┌────────
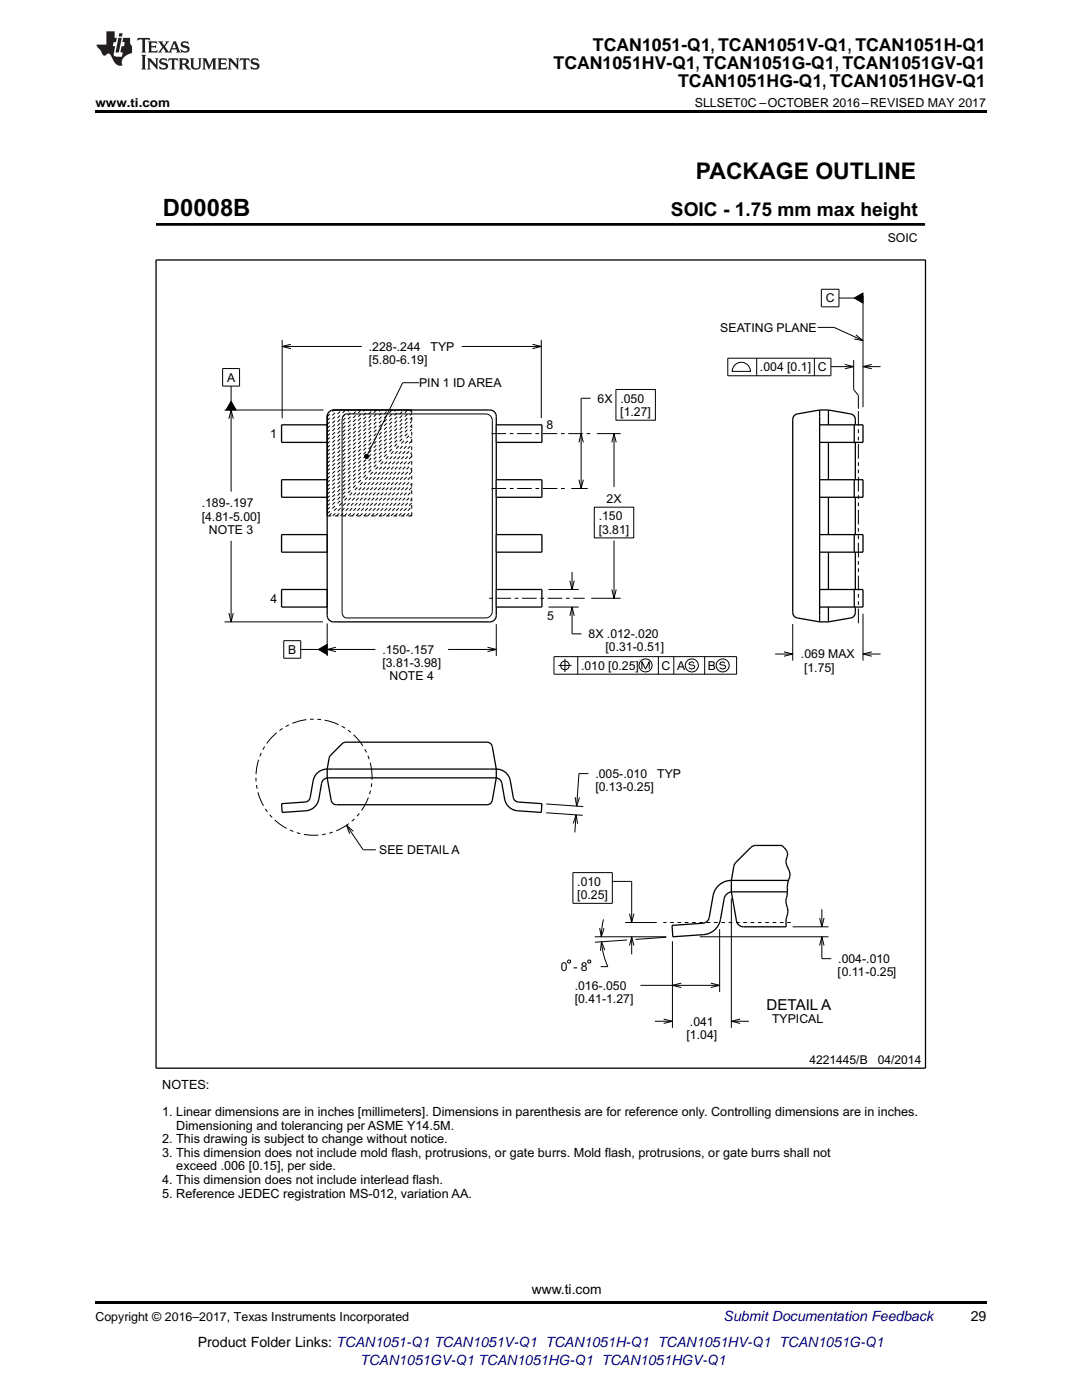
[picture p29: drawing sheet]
<svg xmlns="http://www.w3.org/2000/svg" width="216mm" height="279mm" viewBox="0 0 216 279" stroke-linecap="round" stroke-linejoin="round" font-family="sans-serif">
<defs><g id="words">
<text font-size="4.8" x="32.5" y="43.1">D0008B</text>
<text font-size="4.6" x="138.8" y="35.7">PACKAGE OUTLINE</text>
<text font-size="3.8" x="133.9" y="43.1">SOIC - 1.75 mm max height</text>
<g font-size="3.5">
<text x="118.3" y="10.2">TCAN1051-Q1, TCAN1051V-Q1, TCAN1051H-Q1</text>
<text x="110.5" y="13.8">TCAN1051HV-Q1, TCAN1051G-Q1, TCAN1051GV-Q1</text>
<text x="135.3" y="17.3">TCAN1051HG-Q1, TCAN1051HGV-Q1</text>
</g>
<text font-size="3" x="153" y="201.5">DETAIL A</text>
<g font-size="2.8">
<text x="106.1" y="258.2">www.ti.com</text>
<text x="193.7" y="263.6">29</text>
<text x="39.5" y="268.9">Product Folder Links: TCAN1051-Q1 TCAN1051V-Q1 TCAN1051H-Q1 TCAN1051HV-Q1 TCAN1051G-Q1</text>
</g>
<g font-size="2.8" fill="#0000c8">
<text x="144.4" y="263.6">Submit Documentation Feedback</text>
<text x="71.9" y="272.4">TCAN1051GV-Q1 TCAN1051HG-Q1 TCAN1051HGV-Q1</text>
</g>
<g font-size="2.5">
<text x="19" y="21.4">www.ti.com</text>
<text x="138.6" y="21.4">SLLSET0C –OCTOBER 2016–REVISED MAY 2017</text>
<text x="32.4" y="217.3">NOTES:</text>
<text x="32.4" y="222.7">1. Linear dimensions are in inches [millimeters]. Dimensions in parenthesis are for reference only. Controlling dimensions are in inches.</text>
<text x="35.2" y="225.4">Dimensioning and tolerancing per ASME Y14.5M.</text>
<text x="32.4" y="228.2">2. This drawing is subject to change without notice.</text>
<text x="32.4" y="230.9">3. This dimension does not include mold flash, protrusions, or gate burrs. Mold flash, protrusions, or gate burrs shall not</text>
<text x="35.2" y="233.6">exceed .006 [0.15], per side.</text>
<text x="32.4" y="236.3">4. This dimension does not include interlead flash.</text>
<text x="32.4" y="239">5. Reference JEDEC registration MS-012, variation AA.</text>
<text x="19" y="263.6">Copyright © 2016–2017, Texas Instruments Incorporated</text>
</g>
<g font-size="2.4">
<text x="177.2" y="48.3">SOIC</text>
<text x="164.8" y="60.4">C</text>
<text x="73.6" y="70">.228-.244</text>
<text x="85.9" y="70">TYP</text>
<text x="143.7" y="66.2">SEATING PLANE</text>
<text x="45.3" y="76.2">A</text>
<text x="73.6" y="72.6">[5.80-6.19]</text>
<text x="83.6" y="77.3">PIN 1 ID AREA</text>
<text x="151.6" y="74.1">.004 [0.1] C</text>
<text x="119.2" y="80.4">6X .050</text>
<text x="123.8" y="83">[1.27]</text>
<text x="53.9" y="87.4">1</text>
<text x="109" y="85.7">8</text>
<text x="40.3" y="101.3">.189-.197</text>
<text x="121" y="100.3">2X</text>
<text x="40.3" y="103.9">[4.81-5.00]</text>
<text x="41.7" y="106.5">NOTE 3</text>
<text x="119.5" y="103.8">.150</text>
<text x="119.5" y="106.5">[3.81]</text>
<text x="53.9" y="120.3">4</text>
<text x="109.2" y="123.8">5</text>
<text x="57.5" y="130.5">B</text>
<text x="76.3" y="130.5">.150-.157</text>
<text x="117.4" y="127.4">8X .012-.020</text>
<text x="120.8" y="130">[0.31-0.51]</text>
<text x="159.8" y="131.4">.069 MAX</text>
<text x="76.3" y="133.1">[3.81-3.98]</text>
<text x="77.7" y="135.7">NOTE 4</text>
<text x="115.9" y="133.7">.010 [0.25]</text>
<text x="132" y="133.7">C A</text>
<text x="141.3" y="133.7">B</text>
<text x="160.4" y="134">[1.75]</text>
<text x="118.8" y="155.3">.005-.010</text>
<text x="131.1" y="155.3">TYP</text>
<text x="118.8" y="157.9">[0.13-0.25]</text>
<text x="75.7" y="170.5">SEE DETAIL A</text>
<text x="115.2" y="176.8">.010</text>
<text x="115.2" y="179.4">[0.25]</text>
<text x="111.9" y="193.8">0 - 8</text>
<text x="114.7" y="197.5">.016-.050</text>
<text x="167.1" y="194.8">[0.11-0.25]</text>
<text x="167.3" y="192.2">.004-.010</text>
<text x="114.7" y="200.2">[0.41-1.27]</text>
<text x="137" y="207.3">[1.04]</text>
<text x="137.7" y="204.7">.041</text>
<text x="154.1" y="204.2">TYPICAL</text>
<text x="161.5" y="212.3">4221445/B</text>
<text x="175.2" y="212.3">04/2014</text>
</g>
<text font-size=".3" x="103.9" y="45">SCALE 2.800</text>
</g></defs>
<path d="M19 22h177.8v.5h-177.8zM170.4 59.5l1.8-1v2zM46.1 80.1l1 1.7h-2zM72.8 90.9l.3-.2h.3l.2 .4-.2 .3-.3 .1-.3-.2zM63.5 129.6l1.8-1v2zM19 259.7h177.8v.5h-177.8z" fill="#000"/>
<g fill="none" stroke="#000" stroke-width=".2">
<path d="M31.1 44.8h153.4M163.9 57.7h3.5v3.5h-3.5zM167.4 59.5h3M170.4 59.5l1.8-1v2zM172.2 59.1v22.2M184.5 44.6v.4M44.4 73.6h3.4v3.5h-3.4zM46.1 77.1v3M56.3 67.8v15.7M56.3 69.1h15.9M58.1 68.7l-1.8 .4 1.8 .5M83.6 76.4h-3.2l-7.1 14.3"/>
<path d="M92.1 69.1h15.9M106.3 68.7l1.7 .4-1.7 .5M108 67.8v15.6M117.8 79.5h-1.8v18M122.9 77.7h7.9v6.2h-7.9zM145.2 71.5h20.6v3.5h-20.6zM146.5 73a1.83 1.83 0 0 1 2-.6 1.83 1.83 0 0 1 1.2 1.7h-3.6zM151 71.5v3.5M162.5 71.5v3.5M163.1 65.3h3.3l5.8 2.7M165.9 73.2h4.4M168.6 72.7l1.7 .5-1.7 .4"/>
<path d="M170.3 71.9v5.8l1 1.2v2.7M170.8 66.8l1.4 1.2-1.8-.4M172.2 73.2h3.5M174 72.7l-1.8 .5 1.8 .4M44.8 81.8h19.7M45.7 83.6l.4-1.8 .5 1.8M46.1 80.1l1 1.7h-2zM46.1 81.8v16.3M68.6 82.8l.4-.2h27.9l.6 .2 .5 .4 .2 .7v38.1l-.1 .6-.4 .5-.8 .2h-27.9l-.5-.3-.2-.8v-38.5zM72.8 90.9l.3-.2h.3l.2 .4-.2 .3-.3 .1-.3-.2zM114 97.5h3.3M115.5 88.3l.5-1.8 .4 1.8"/>
<path d="M115.5 95.7l.5 1.8 .4-1.8M119.1 86.5h4.7M122.1 88.3l.4-1.8 .5 1.8M122.5 86.5v10.7M46.1 107.9v16.2M109.4 117.6h6.1M113.7 115.9l.4 1.7 .5-1.7M114.1 114.1v3.5M118 119.4h5.8M118.6 101.2h7.9v6.1h-7.9zM122.1 117.6l.4 1.8 .5-1.8M122.5 107.9v11.5"/>
<path d="M44.8 124.1h19.6M45.7 122.4l.4 1.7 .5-1.7M56.6 127.9h3.4v3.5h-3.4zM60 129.6h3.5M63.5 129.6l1.8-1v2zM65.3 129.6h9.6M65.3 124.4v6.5M67 129.2l-1.7 .4 1.7 .5M89.4 129.6h9.6M97.3 129.2l1.7 .4-1.7 .5M99 124.6v6.3M109.4 121.2h6.1"/>
<path d="M110.5 131h36.5v3.6h-36.5zM111.4 132.8h2.6M112.7 131.5v2.6M113.7 122.9l.4-1.7 .5 1.7M114.1 121.2v5.3h1.9M115.3 131v3.6M128.1 133.5v-1.4l.7 1.4 .7-1.4v1.4M131.4 131v3.6M134.4 131v3.6M138.5 132.4l-.4-.3-.5 .1-.1 .3 .1 .2 .9 .1 .1 .3-.1 .3-.4 .1-.6-.3M140.6 131v3.6M144.6 132.4l-.4-.3-.4 .1-.2 .3 .2 .2 .8 .1 .2 .3-.2 .3-.4 .1-.6-.3"/>
<path d="M154.7 130.5h3.5M156.4 130.1l1.8 .4-1.8 .5M158.2 124.5v7.3M172.2 130.5h3.5M172.2 122.5v9.3M174 130.1l-1.8 .4 1.8 .5M114.8 159.1l.3 1.8 .5-1.7M117.4 154.4h-1.9l-.4 6.5M69.1 164.7l3.4 4.9h2.5M70.5 165.9l-1.4-1.2 .7 1.7M109 162.2l7.3 .5M109 160.5l7.4 .5"/>
<path d="M114.3 174.1h7.9v6.2h-7.9zM114.4 164.3l.5-1.7 .4 1.8M114.9 162.6l-.2 3.5M122.2 175.9h3.8v8.2M145.9 179.3v25.8M113.3 191.7l.4-.1 .1 .4-.4 .2zM117.3 191.7l.4-.1 .2 .4-.5 .2zM118.7 187h14.2M119.7 185.2l.3 1.8 .5-1.8M120 188l.5 2.8 .8 2.1h-1.4M120.4 183.5l-.3 1.7-.1 1.8M120.7 189.6l-.7-1.6-.2 1.7"/>
<path d="M124.7 184.1h6.3M125.1 187.6l-6.4 .4M125.6 182.4l.4 1.7 .5-1.7M125.6 188.7l.4-1.7 .5 1.7M126 187v3.5M127.8 196.6h15.8M132.9 187l-6.1 .5M134.2 187.9v17.2M135.9 196.2l-1.7 .4 1.7 .5M139.6 187h25.7M141.8 196.2l1.8 .4-1.8 .5M143.6 185.4v12.6"/>
<path d="M158.2 185h7.1M163.6 183.2l.4 1.8 .4-1.8M163.6 188.7l.4-1.7 .4 1.7M164 187v4.3h1.9M164 181.5v3.5M130.7 203.8h3.5M132.4 203.4l1.8 .4-1.8 .5M145.9 203.8h3.5M147.7 203.4l-1.8 .4 1.8 .5"/>
<circle cx="112.7" cy="132.8" r=".87"/>
<circle cx="128.8" cy="132.8" r="1.31"/>
<circle cx="138" cy="132.8" r="1.31"/>
<circle cx="144.2" cy="132.8" r="1.31"/>
</g>
<g fill="none" stroke="#000" stroke-width=".26">
<path d="M31.1 51.9h153.6v161.3h-153.6zM65.3 82.9v39.9M65.3 84.8h-9.1v3.5h9.1M65.3 95.7h-9.1v3.5h9.1M66.4 81.8h31.3M66.6 81.8l-.5 .1-.4 .3-.3 .4-.1 .5M66.6 81.8h.1M97.7 81.8h.1M97.7 81.8l.9 .4 .4 .9v39.7M99 95.7h9.1v3.5h-9.1M99 84.8h9.1v3.5h-9.1M163.5 83.1h.1"/>
<path d="M163.5 81.8l-4.4 .8a1.1 1.1 0 0 0-.9 1.1v38.5a1.1 1.1 0 0 0 .9 1.1l4.4 .8M163.5 81.8h1.8M163.5 95.7h8.7v3.5h-8.7M163.5 84.8h8.7v3.5h-8.7M163.5 81.8v42.3M165.3 81.8l4.5 .8a1.1 1.1 0 0 1 .9 1.1v1.1M165.3 81.8v3M165.3 88.3v7.4M165.3 99.2v7.5M170.5 84.8v3.5M170.5 95.7v3.5M170.7 88.3v7.4"/>
<path d="M170.7 99.2v7.5M65.3 106.7h-9.1v3.5h9.1M65.3 117.6h-9.1v3.6h9.1M99 117.6h9.1v3.6h-9.1M99 106.7h9.1v3.5h-9.1M163.5 117.6h8.7v3.6h-8.7M163.5 106.7h8.7v3.5h-8.7M165.3 110.2v7.4M170.5 106.7v3.5M170.5 117.6v3.6M170.7 110.2v7.4M65.3 122.8h.1"/>
<path d="M65.3 122.8l.4 .9 .9 .4M66.6 124.1h.1M66.6 124.1h31.1M97.7 124.1h.1M99 122.8h.1M99 122.8l-.4 .9-.9 .4M163.5 122.8h.1M163.5 124.1h1.8M165.3 121.2v2.9M170.7 121.2v1a1.1 1.1 0 0 1-.9 1.1l-4.5 .8M65.3 153.5a2.85 2.85 0 0 0-2.8 2.3l-.6 3.4a1.1 1.1 0 0 1-1 .9l-4.7 .3 .1 1.7 4.7-.3a2.85 2.85 0 0 0 2.6-2.3l.6-3.2a1.31 1.31 0 0 1 1.1-1.1M65.3 153.5h33.7"/>
<path d="M65.3 153.5l.5-2.6 2.5-2.5 .4-.2 28.5-.1a1.09 1.09 0 0 1 1 .9l.8 4.5M65.3 155.2l.8 4.5a1.1 1.1 0 0 0 1.1 .9h30a1.1 1.1 0 0 0 1-.9l.8-4.5M65.3 153.5v1.7M65.3 155.2h33.7M66.6 153.5h.1M97.7 153.5h.1M99 153.5v1.7M99 153.5a2.85 2.85 0 0 1 2.8 2.3l.6 3.4a1.1 1.1 0 0 0 1 .9l4.7 .3-.1 1.7-4.7-.3a2.85 2.85 0 0 1-2.6-2.3l-.6-3.2a1.31 1.31 0 0 0-1.1-1.1M145.9 175.7a3.7 3.7 0 0 0-3.6 3.1l-.8 4.3a1.43 1.43 0 0 1-1.3 1.2l-6.1 .4 .2 2.3 6.1-.5a3.7 3.7 0 0 0 3.4-3l.7-4.1a1.71 1.71 0 0 1 1.4-1.4M145.9 175.7h11.4M145.9 175.7l.7-3.4 3.4-3.3 .8-.3h5.2a2.01 2.01 0 0 1 .9 2.7l-.1 .6 .2 .8a2.43 2.43 0 0 1 .4 2.8l-.3 1.5a5.8 5.8 0 0 1-.3 2.6l.1 .7a3.5 3.5 0 0 1 0 3.1l-.1 1.5h-8.4a1.42 1.42 0 0 1-1.4-1.2l-1.1-5.8M145.9 175.7v2.3"/>
<path d="M145.9 178h11.2"/>
</g>
<g fill="none" stroke="#000" stroke-width=".2" stroke-dasharray=".7 .7" stroke-linecap="butt">
<path d="M65.3 83.2l1.3-1.4M65.3 83.9l2.1-2.1M65.3 84.7l2.9-2.9M65.3 85.5l3.6-3.7M65.3 86.3l4.4-4.5M65.3 87l5.2-5.2M65.3 87.8l6-6M65.3 88.6l6.7-6.8M65.3 89.4l7.5-7.6M65.3 90.1l8.3-8.3M65.3 90.9l9.1-9.1M65.3 91.7l9.8-9.9"/>
<path d="M65.3 92.5l10.6-10.7M65.3 93.2l11.4-11.4M65.3 94l12.2-12.2M65.3 94.8l12.9-13M65.3 95.6l13.7-13.8M65.3 96.3l14.5-14.5M65.3 97.1l15.3-15.3M65.3 97.9l16-16.1M65.3 98.7l16.8-16.9M65.3 99.4l16.9-16.8M65.3 100.2l16.9-16.9M65.3 101l16.9-16.9"/>
<path d="M65.3 101.8l16.9-16.9M65.3 102.5l16.9-16.8M65.6 103l16.6-16.6M66.4 103l15.8-15.8M67.2 103l15-15M67.9 103l14.3-14.2M68.7 103l13.5-13.5M69.5 103l12.7-12.7M70.3 103l11.9-11.9M71 103l11.2-11.1M71.8 103l10.4-10.4M72.6 103l9.6-9.6"/>
<path d="M73.4 103l8.8-8.8M74.1 103l8.1-8M74.9 103l7.3-7.3M75.7 103l6.5-6.5M76.5 103l5.7-5.7M77.2 103l5-4.9M78 103l4.2-4.2M78.8 103l3.4-3.4M79.6 103l2.6-2.6M80.3 103l1.9-1.8M81.1 103l1.1-1.1M81.9 103l.3-.3"/>
<path d="M82.2 103v-21.2M82.2 103h-16.9M157.8 184.1h-25.5"/>
</g>
<path d="M31.1 44.8h153.4" fill="none" stroke="#000" stroke-width=".54"/>
<path d="M65.3 84.8v3.5M65.3 95.7v3.5M99 84.8v3.5M99 95.7v3.5M65.3 106.7v3.5M65.3 117.6v3.6M99 106.7v3.5M99 117.6v3.6" fill="none" stroke="#00a600" stroke-width=".26"/>
<path d="M112.7 97.5h-15.3M117.8 86.5h-20.4M97.6 119.4h19.1" fill="none" stroke="#000" stroke-width=".2" stroke-dasharray=".7 .7 2.9 .7" stroke-linecap="butt"/>
<g fill="none" stroke="#000" stroke-width=".2" stroke-dasharray="2.9 .7 .7 .7 .7 .7" stroke-linecap="butt">
<path d="M171.3 124.4v-42.4"/>
<circle cx="62.7" cy="155.1" r="11.6"/>
</g>
<g fill="#231f20">
<path d="M27.5 7.6l-.1 .5 .4-.2h.6v.1v2.1l-.2 .4h1l-.3-.4v-2.1l.1-.1h.5l.5 .2-.2-.5zM29.5 8.3l.2 .3v1.5l-.2 .4h1.8l.2-.6a1.04 1.04 0 0 1-1.3 .2v-.7h.6l.3 .2v-.6l-.3 .2h-.6v-.6l.8-.1 .4 .3-.2-.5zM31.5 8.3l.9 1.1-.9 1.1h.8l-.2-.2 .5-.7 .4 .7-.2 .2h1.5l-.1-.2 .1-.4h.9l.1 .4-.2 .2h1l-.3-.3-.7-1.9h-.5l-.9 2-.8-1 .9-1h-.8l.1 .3-.3 .5-.4-.6 .2-.2zM34.7 8.6l.4 1h-.7zM36.3 8.4a.63 .63 0 0 0-.2 .7 .63 .63 0 0 0 .6 .4l.6 .2 .1 .2a.75 .75 0 0 1-.7 .4 .75 .75 0 0 1-.6-.5l.1 .7 .1-.1a1.11 1.11 0 0 0 1.5-.6 1.13 1.13 0 0 0-1.2-.8l-.1-.4a1.04 1.04 0 0 1 1.2 .2l-.2-.5-.1 .1-.5-.2zM28.2 10.9l.2 .4v2.2l-.2 .4h1l-.3-.4v-2.2l.3-.4zM29.3 11.6l.3 .4v1.5l-.3 .4h.8l-.2-.4v-1.3l1.5 1.7v-1.9l.2-.4h-.7l.2 .4v.9l-1.1-1.3zM32 11.8a.62 .62 0 0 0-.2 .7 .62 .62 0 0 0 .6 .4l.6 .1 .1 .3a.76 .76 0 0 1-.7 .3 .76 .76 0 0 1-.6-.4l.1 .7 .1-.1a1.11 1.11 0 0 0 1.5-.6 1.13 1.13 0 0 0-1.2-.8l-.1-.4a1.04 1.04 0 0 1 1.2 .2l-.2-.6-.1 .1-.5-.1zM33.7 11.6l-.2 .6a.61 .61 0 0 1 .8-.3v1.6l-.2 .4h.9l-.2-.4v-1.6a.63 .63 0 0 1 .8 .3l-.2-.6zM35.6 11.6l.3 .4v1.5l-.3 .4h1l-.2-.2v-.8l.5 .2a.76 .76 0 0 0 1.2 .7l-1-1a.58 .58 0 0 0 .6-.5 .58 .58 0 0 0-.5-.6zM36.4 11.9h.1a.45 .45 0 0 1 .5 .1 .45 .45 0 0 1 .1 .5l-.7 .2zM37.9 11.6l.2 .2a2.17 2.17 0 0 0 .3 1.9 .99 .99 0 0 0 1.6-.6v-1.1l.2-.4h-.7l.2 .2a1.92 1.92 0 0 1-.2 1.8 .6 .6 0 0 1-.9-.5v-1.1l.2-.4zM40.4 11.6l.2 .4v1.5l-.2 .4h.7l-.2-.4v-1.4l.8 1.8 .8-1.8v1.4l-.2 .4h.9l-.2-.4v-1.5l.2-.4h-.8l-.6 1.5-.6-1.5zM43.4 11.6l.2 .4v1.5l-.2 .4h1.8l.2-.6a1.04 1.04 0 0 1-1.3 .1v-.6h.5l.4 .2v-.6l-.4 .2h-.5v-.7h.8l.3 .3-.1-.6zM45.5 11.6l.2 .4v1.5l-.2 .4h.7l-.2-.4v-1.3l1.5 1.7v-1.9l.2-.4h-.7l.2 .4v.9l-1.1-1.3zM47.9 11.6l-.1 .6a.61 .61 0 0 1 .8-.3v1.6l-.3 .4h1l-.3-.4 .1-1.6a.63 .63 0 0 1 .7 .3l-.1-.6zM50.2 11.8a.62 .62 0 0 0-.2 .7 .62 .62 0 0 0 .6 .4l.6 .1 .2 .3a.76 .76 0 0 1-.8 .3 .76 .76 0 0 1-.6-.4l.1 .7 .2-.1a1.11 1.11 0 0 0 1.5-.6 1.13 1.13 0 0 0-1.3-.8l-.1-.4a1.04 1.04 0 0 1 1.2 .2l-.1-.6-.2 .1-.5-.1z"/>
<path d="M21.2 6.3v2.6h-1.9l.1 .4 .7 .9a.91 .91 0 0 0 1 .8 .56 .56 0 0 1 .5-.3 .56 .56 0 0 1 .5 .3l.4 .8a1.53 1.53 0 0 0 1.9 1.2 1.54 1.54 0 0 1 1-2.1l.9-.3v-1.4a1.52 1.52 0 0 1-.3-1.6h-1.4l-.2 .8h.5l-.2 .8h-.4l-.2 1v.2l.4 .1-.2 .8a1.93 1.93 0 0 1-1.6-.3l.3-1.8h-.5l.2-.8h.4l.2-.8h-.4v-1.3zM23.6 7.6l-.6 2.9h.7l.6-2.9zM23.8 6.6l-.1 .7h.6l.2-.7z"/>
</g>
<use href="#words"/>
</svg>
└────────
● Prompt
Each line of the data that holds "DETAIL" should be copied.

● Answer space
<text font-size="3" x="153" y="201.5">DETAIL A</text>
<text x="75.7" y="170.5">SEE DETAIL A</text>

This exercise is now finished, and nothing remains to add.